● **Task statement**:
Extract from the entries below, exactly as given, only the lines from the line containing "- pillar with roof beam <box>292,0,388,253</box>" to the line containing "- cardboard box <box>1609,12,1657,35</box>", both lines included.

● **The data**:
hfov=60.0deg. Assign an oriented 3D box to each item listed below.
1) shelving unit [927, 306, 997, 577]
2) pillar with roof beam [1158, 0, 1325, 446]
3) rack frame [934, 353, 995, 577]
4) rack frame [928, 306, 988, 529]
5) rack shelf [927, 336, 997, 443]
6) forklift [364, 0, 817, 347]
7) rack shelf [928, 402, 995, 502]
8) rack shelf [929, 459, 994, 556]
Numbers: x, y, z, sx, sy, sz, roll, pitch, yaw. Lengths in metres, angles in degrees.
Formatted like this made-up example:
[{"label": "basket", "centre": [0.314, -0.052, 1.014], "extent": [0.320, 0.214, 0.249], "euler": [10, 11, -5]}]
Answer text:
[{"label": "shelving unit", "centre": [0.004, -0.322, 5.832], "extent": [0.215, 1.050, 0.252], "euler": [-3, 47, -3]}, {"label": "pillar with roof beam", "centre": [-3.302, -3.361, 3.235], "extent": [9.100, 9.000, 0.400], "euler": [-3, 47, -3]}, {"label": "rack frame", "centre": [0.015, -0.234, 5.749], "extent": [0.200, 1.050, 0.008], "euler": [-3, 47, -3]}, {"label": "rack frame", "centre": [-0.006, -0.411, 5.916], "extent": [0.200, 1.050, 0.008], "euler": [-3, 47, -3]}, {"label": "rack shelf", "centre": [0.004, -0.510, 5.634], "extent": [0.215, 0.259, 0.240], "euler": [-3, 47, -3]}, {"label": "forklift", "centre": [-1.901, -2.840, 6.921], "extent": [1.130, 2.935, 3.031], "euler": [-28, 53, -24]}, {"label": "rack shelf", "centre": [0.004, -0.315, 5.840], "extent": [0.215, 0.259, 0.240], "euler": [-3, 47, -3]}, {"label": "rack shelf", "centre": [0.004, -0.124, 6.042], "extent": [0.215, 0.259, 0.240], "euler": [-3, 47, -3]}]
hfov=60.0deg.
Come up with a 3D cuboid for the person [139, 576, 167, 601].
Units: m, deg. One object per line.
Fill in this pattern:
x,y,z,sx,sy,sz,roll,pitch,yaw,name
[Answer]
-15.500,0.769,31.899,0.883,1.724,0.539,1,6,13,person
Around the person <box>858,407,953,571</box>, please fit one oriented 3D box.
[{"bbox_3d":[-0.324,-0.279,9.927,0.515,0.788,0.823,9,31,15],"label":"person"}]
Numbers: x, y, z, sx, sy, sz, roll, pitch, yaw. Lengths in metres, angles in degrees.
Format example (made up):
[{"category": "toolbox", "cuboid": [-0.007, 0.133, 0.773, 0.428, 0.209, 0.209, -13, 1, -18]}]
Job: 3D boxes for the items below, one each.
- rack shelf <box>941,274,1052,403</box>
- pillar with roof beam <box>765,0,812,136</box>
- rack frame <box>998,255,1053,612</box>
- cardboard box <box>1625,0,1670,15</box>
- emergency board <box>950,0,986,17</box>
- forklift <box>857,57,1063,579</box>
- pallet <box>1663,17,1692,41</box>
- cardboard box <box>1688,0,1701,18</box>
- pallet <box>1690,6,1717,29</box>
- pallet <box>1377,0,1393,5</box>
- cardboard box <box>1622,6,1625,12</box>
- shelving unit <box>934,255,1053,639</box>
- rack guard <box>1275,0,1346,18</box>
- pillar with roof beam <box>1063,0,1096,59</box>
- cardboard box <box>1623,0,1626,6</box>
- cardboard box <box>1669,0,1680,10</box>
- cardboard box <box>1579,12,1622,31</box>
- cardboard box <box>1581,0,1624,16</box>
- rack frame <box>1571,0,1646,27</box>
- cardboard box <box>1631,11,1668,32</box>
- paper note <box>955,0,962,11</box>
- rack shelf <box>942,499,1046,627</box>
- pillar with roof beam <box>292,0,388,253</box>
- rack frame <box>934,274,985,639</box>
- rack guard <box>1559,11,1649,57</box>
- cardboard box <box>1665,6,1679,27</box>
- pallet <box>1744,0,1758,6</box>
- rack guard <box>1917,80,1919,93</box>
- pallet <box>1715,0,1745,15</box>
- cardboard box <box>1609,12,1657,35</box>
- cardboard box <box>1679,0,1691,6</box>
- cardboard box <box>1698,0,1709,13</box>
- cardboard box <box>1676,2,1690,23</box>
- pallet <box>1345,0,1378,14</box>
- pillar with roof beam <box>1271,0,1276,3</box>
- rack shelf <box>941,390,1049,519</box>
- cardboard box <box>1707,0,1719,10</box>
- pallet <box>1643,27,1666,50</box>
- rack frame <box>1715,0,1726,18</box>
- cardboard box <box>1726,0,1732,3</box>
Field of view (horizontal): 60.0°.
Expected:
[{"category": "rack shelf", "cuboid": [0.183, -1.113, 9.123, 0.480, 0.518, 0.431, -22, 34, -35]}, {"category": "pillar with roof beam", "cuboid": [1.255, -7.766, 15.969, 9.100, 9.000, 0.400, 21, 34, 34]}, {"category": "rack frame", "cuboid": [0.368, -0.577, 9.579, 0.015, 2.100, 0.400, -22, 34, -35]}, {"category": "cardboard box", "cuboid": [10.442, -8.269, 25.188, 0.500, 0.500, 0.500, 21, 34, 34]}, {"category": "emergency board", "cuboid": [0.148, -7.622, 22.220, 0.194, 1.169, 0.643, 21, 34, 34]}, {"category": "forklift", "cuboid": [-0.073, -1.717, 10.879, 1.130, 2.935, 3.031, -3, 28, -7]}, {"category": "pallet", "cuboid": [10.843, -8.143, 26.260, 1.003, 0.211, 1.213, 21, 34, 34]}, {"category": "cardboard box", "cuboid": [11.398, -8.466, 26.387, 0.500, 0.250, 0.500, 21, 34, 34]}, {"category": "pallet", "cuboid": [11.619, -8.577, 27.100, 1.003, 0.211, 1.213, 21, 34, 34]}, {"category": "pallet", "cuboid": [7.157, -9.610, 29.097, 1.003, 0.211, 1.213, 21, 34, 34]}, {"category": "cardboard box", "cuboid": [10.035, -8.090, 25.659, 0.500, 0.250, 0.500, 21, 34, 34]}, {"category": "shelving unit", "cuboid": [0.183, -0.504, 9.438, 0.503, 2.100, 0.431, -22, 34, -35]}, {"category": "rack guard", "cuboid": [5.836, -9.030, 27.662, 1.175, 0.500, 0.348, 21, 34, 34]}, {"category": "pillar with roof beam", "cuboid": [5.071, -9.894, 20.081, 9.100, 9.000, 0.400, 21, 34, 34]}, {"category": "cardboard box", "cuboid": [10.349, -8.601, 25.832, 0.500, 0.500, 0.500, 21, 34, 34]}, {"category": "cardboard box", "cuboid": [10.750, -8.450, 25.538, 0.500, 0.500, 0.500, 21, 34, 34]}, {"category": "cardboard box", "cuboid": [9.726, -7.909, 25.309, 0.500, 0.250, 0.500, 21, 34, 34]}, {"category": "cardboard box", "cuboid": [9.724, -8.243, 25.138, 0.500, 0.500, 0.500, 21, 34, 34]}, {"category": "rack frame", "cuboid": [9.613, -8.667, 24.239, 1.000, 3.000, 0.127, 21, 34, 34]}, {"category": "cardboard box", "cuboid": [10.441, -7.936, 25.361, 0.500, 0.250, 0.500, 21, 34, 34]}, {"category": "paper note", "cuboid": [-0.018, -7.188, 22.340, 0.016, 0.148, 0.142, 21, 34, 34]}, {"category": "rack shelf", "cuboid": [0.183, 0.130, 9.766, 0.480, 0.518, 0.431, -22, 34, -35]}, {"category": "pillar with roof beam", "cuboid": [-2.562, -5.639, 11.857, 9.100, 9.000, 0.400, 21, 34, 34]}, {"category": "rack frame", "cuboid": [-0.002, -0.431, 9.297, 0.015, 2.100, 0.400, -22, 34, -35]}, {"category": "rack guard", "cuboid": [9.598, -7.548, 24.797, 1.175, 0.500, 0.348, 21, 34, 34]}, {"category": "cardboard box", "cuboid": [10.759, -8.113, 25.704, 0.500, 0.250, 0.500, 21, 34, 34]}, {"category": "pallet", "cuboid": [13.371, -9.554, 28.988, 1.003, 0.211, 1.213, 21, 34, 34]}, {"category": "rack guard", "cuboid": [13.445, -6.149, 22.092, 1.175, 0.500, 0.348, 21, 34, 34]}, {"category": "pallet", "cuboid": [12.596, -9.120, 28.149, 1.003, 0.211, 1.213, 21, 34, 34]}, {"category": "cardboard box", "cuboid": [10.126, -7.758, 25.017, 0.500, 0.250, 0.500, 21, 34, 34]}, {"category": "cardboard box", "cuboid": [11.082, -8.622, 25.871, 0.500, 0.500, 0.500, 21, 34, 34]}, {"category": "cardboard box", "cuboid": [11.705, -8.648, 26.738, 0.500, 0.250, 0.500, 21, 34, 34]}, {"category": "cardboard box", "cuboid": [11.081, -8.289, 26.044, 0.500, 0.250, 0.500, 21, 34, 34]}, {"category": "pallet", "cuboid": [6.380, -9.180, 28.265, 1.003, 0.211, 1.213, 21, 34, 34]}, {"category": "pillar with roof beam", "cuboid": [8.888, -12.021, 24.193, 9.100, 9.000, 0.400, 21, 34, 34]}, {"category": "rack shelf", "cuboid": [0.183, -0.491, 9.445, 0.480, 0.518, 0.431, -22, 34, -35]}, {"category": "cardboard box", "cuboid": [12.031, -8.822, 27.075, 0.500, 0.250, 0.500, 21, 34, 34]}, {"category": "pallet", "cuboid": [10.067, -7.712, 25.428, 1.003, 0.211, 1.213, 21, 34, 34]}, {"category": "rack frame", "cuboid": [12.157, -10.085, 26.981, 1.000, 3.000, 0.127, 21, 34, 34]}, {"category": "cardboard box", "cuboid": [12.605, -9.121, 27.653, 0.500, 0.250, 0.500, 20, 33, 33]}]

● **Completed task**:
- pillar with roof beam <box>292,0,388,253</box>
- rack frame <box>934,274,985,639</box>
- rack guard <box>1559,11,1649,57</box>
- cardboard box <box>1665,6,1679,27</box>
- pallet <box>1744,0,1758,6</box>
- rack guard <box>1917,80,1919,93</box>
- pallet <box>1715,0,1745,15</box>
- cardboard box <box>1609,12,1657,35</box>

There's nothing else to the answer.